Why Josh Smith Makes Sense for the Kings
Detroit Pistons forward Josh Smith may be one of the most frustrating players in the NBA, and there’s a chance he may be a member of the Sacramento Kings.
The Kings and Pistons are in discussions about a trade that would send Smith to the Kings in a package that could include Jason Thompson and Derrick Williams. Other combinations could include Jason Terry or Carl Landry, according to ESPN.com’s Marc Stein.
Get ready for plenty off “jump-off-your-couch-moments” with the nine-year pro.
Smith is such an intriguing player because he’s supremely talented, but he’s also a player that leaves you throwing things at your TV.
Poor decisions? Check. Ill-advised three-pointers? Check. Air balls? Check.
Athleticism? Yes. High-flying dunks? Oh yes! Defense? YES! YES! YES!
One his better games last season came in Sacramento in November:
It’s certainly a risk considering he’s making $14 million per year but it’s a risk the small-market team like the Kings should and would make. The Kings are in desperate need of a rim protector, a player that could a defensive anchor next to DeMarcus Cousins, and a player who can push the tempo for the Kings.
Stop Shooting Threes
Josh Smith is not a good three-point shooter but he is addicted to attempting them. Basically, three-point shooting is Smith’s meth.
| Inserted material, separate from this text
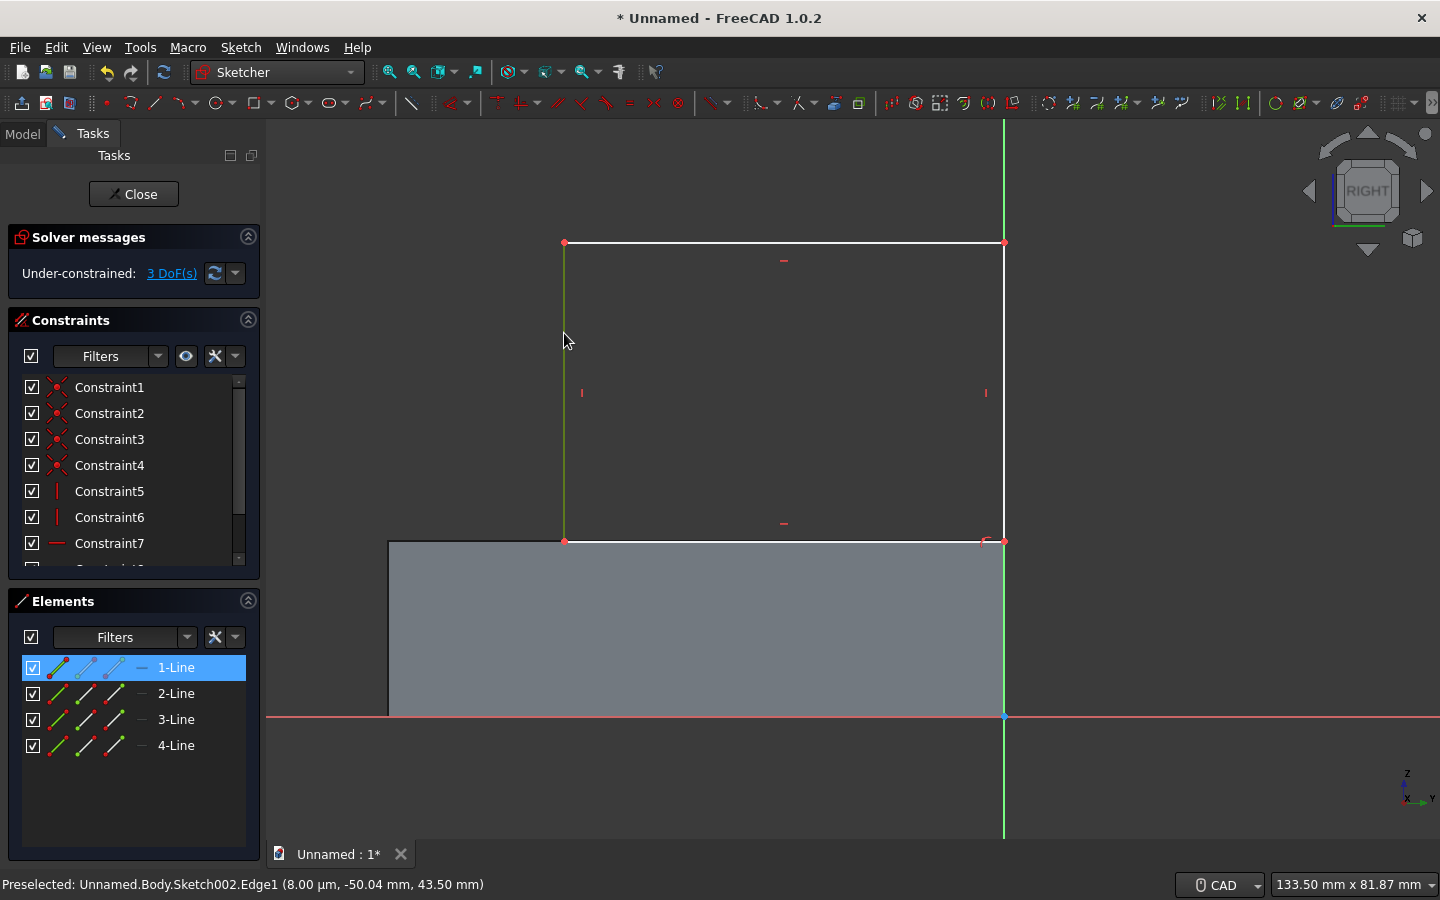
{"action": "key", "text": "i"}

Smith’s career three-point shooting percentage is 27.9 percent. He took 152 three-balls in the 06-07 season, 99 in 07-08, 87 in 08-09 and then something magical happened.
Smith had an intervention, went to three-point shooting rehab and followed that up by taking SEVEN three-pointers in the 09-10 season. It was arguably his most productive season but he did not see the light.
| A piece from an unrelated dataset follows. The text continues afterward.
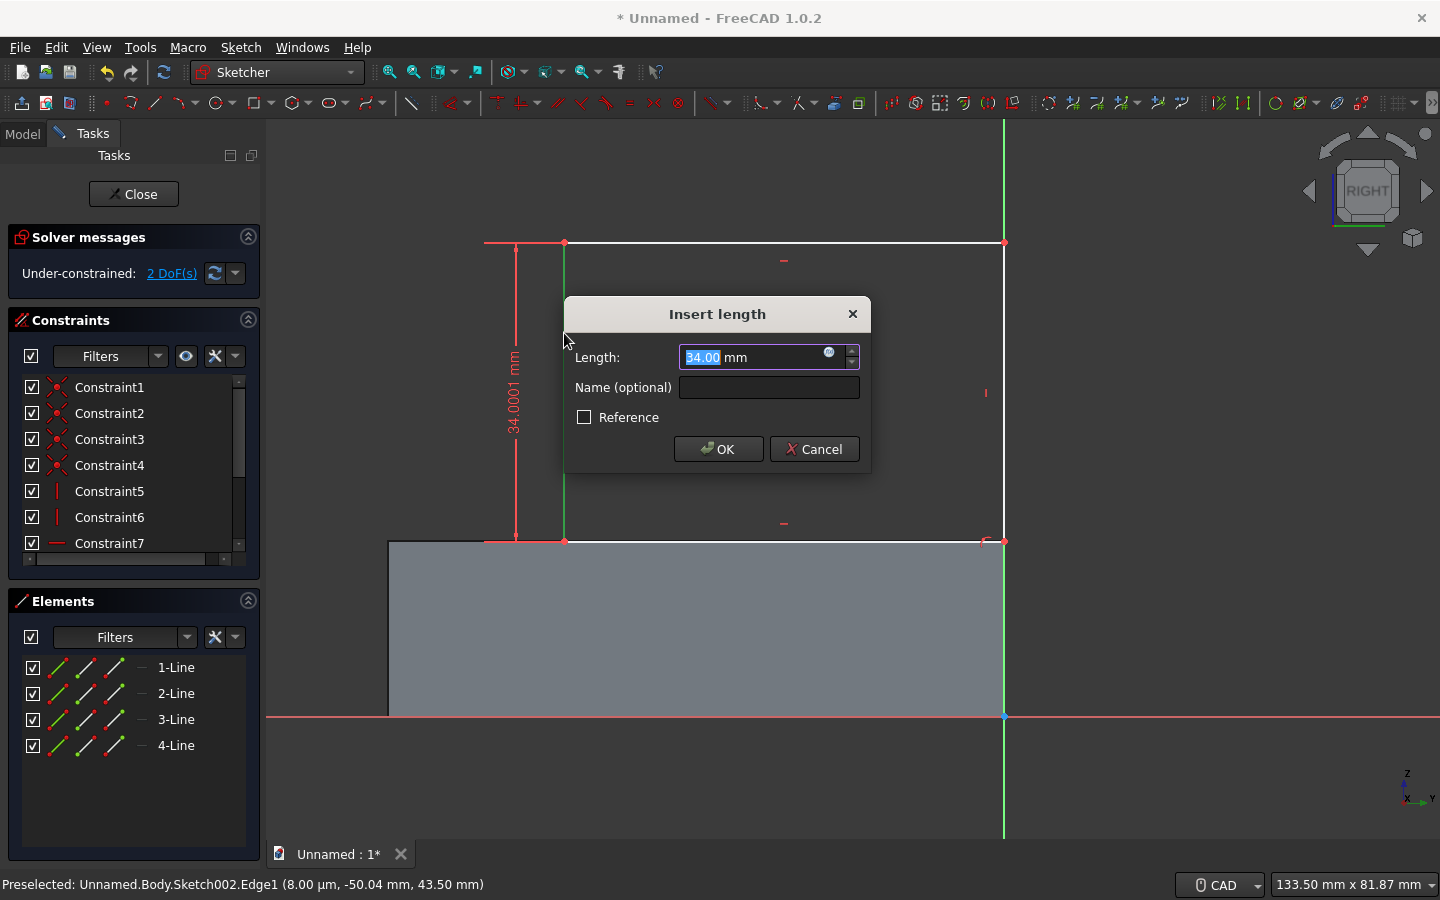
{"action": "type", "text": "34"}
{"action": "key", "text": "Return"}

Smith relapsed and shot 154 in the 10-11 season, 109 in 11-12, 201 in 12-13 and 265 three-pointers in his first year with the Pistons.
Is it possible that maybe, just maybe the Kings can convince Smith that he could be an all-star level player if he gave up the three-point shooting?
Could Malone get the best out of Smith?
Don’t underestimate that impact that second-year head coach Michael Malone has with his players. Cousins never liked his head coaches and after another 28-win season, he gave high praise to Malone.
“I’m with [Michael] Malone till the wheels fall off, he knows that. He has my back, I’ve got his. So you’ll be seeing me for a while until they get rid of me, it won’t be my choice,” Cousins said.
Malone has the ability to connect with players and build relationships, which is important in today’s era of sports.
Maybe Malone is the guy that can convince Smith that shooting three-pointers is probably a bad idea. Maybe Malone is the guy who can explain to Smith that being the anchor to the Kings defense could help propel the Kings back in the Western Conference playoff talk.
Spurs head coach Gregg Popovich talked about Malone’s ability to connect with players.
“He’s a people person. He’s somebody I felt players would really respect,” Popovich said.
“He had a toughness about him. A fairness, but a toughness about him where I thought he’d persevere in all kind of situations and in an NBA season there’s all kinds of ups and downs.”
Don’t get me wrong, Smith may never learn and the worst-case scenario is that he continues to play like the guy he was last year and you’re stuck with him for a few years.
The best case? Smith buys in, Cousins has a career-year, the Kings defense improves, Gay produces in a contract year and the team pushes for the 8th seed in the Western Conference.
I’m sick of 28 wins. Can it really get worse? Take the gamble.